Creating a genome-independent nosology from proteomes-interactomes

Human proteomes are hereditable molecular phenotypes72 and as such constitute valuable, yet untapped, resources to create disorder classifications rooted in molecules and their pathways. The study of proteomes shares with the analysis of genomes its quantitative and unbiased character.

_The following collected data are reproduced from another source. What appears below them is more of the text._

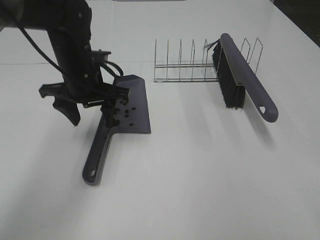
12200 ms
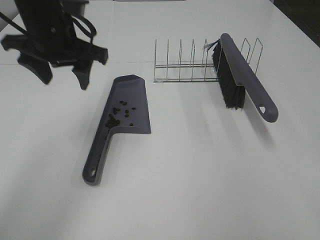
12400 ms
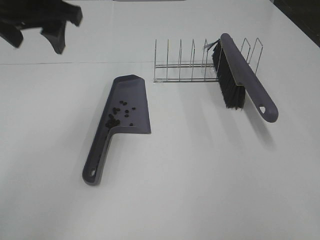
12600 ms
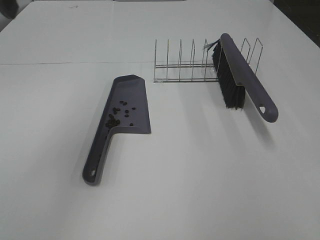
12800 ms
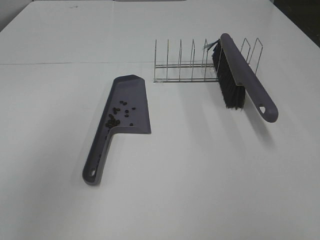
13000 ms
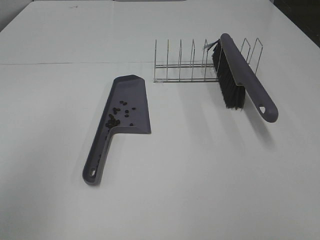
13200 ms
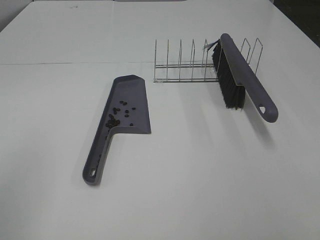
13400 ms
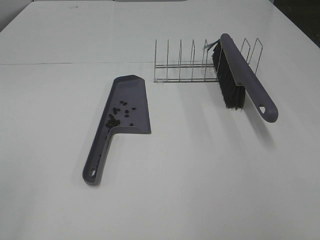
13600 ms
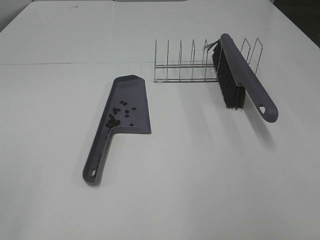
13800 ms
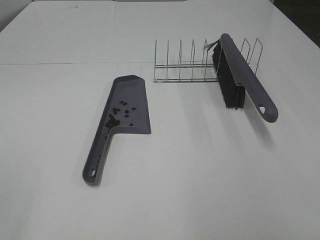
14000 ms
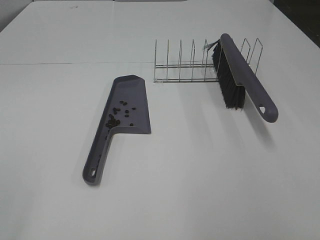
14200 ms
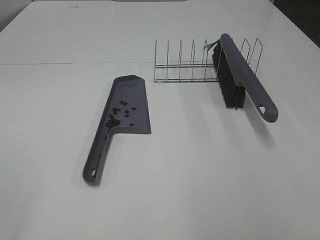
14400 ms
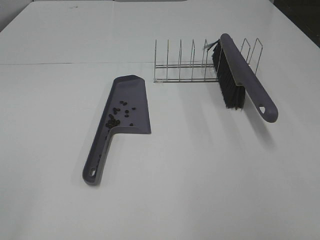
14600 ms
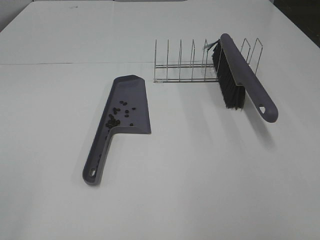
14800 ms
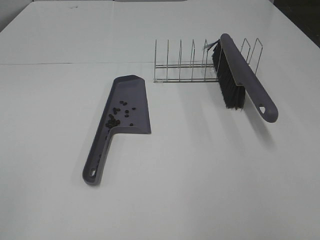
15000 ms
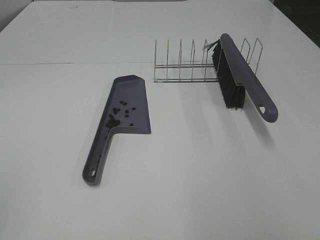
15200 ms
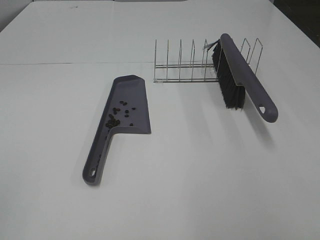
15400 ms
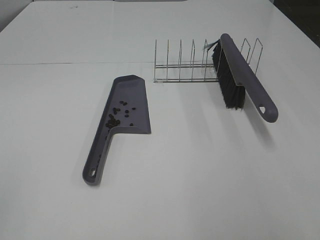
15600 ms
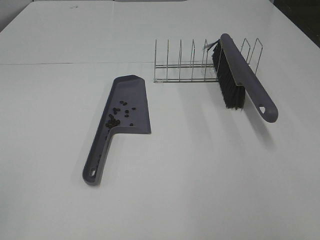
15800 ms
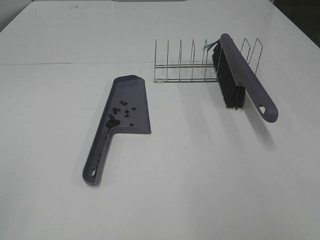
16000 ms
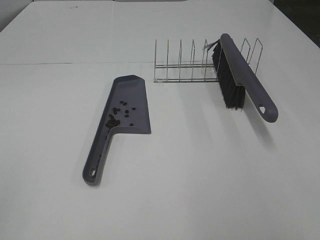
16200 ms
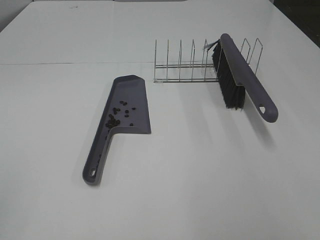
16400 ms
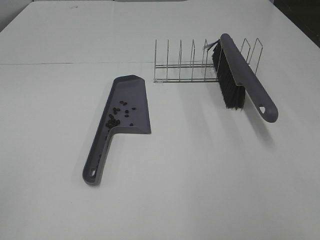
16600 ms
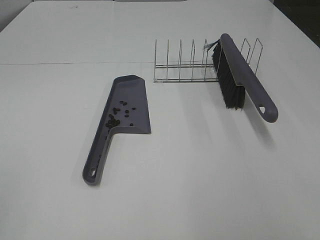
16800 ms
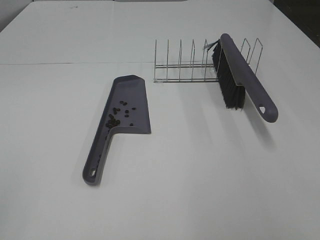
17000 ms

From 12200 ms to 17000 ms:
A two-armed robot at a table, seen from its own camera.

However, proteomes and interactomes offer the distinctive advantage of being executors of phenotypic programs in cells and tissues. Therefore, proteomes and interactomes are causally closer to the identity of disease mechanisms than genomes. Proteomes are already beginning to shed light on complex neurological disorders such as schizophrenia.81, 82 However, we should not limit ourselves to just exploring postmortem brains of subjects grouped solely by their clinical features. Instead, we advocate for the study of proteomes from cells isolated from individuals that are genetically related. Cell proteomes from affected probands compared with their unaffected first-degree relatives offer a great prospect for the identification of hereditable or de novo abnormalities in molecular phenotypes. Evidently, in the context of NDDs, human inducible pluripotent stem cells are a great resource, as they can be differentiated into neurons.83 However, it is likely that the molecular mechanisms affected in NDDs are common to many, if not all cells. For example, Fragile X syndrome or velocardiofacial syndrome, where multiple tissues are affected 12. Thus, fibroblasts or lymphoblasts from human pedigrees are likely to offer valuable insights into neuronal disorders. We predict that proteomes built from genetically related subjects’ cells will bridge two camps. On one hand, proteomes will help us to interpret results from genome-wide analyses. On the other hand, they will guide us to define NDD mechanisms at levels of complexity higher than the traditional single genes or proteins. These would include, for instance, subcellular compartments, such as synapses or mitochondria, and deficits in tissue organization, such as those in neural circuits. Genomes, proteomes and interactomes give us vantage points, the inevitable next step is to dive deep into the biology emerging from and converging to them.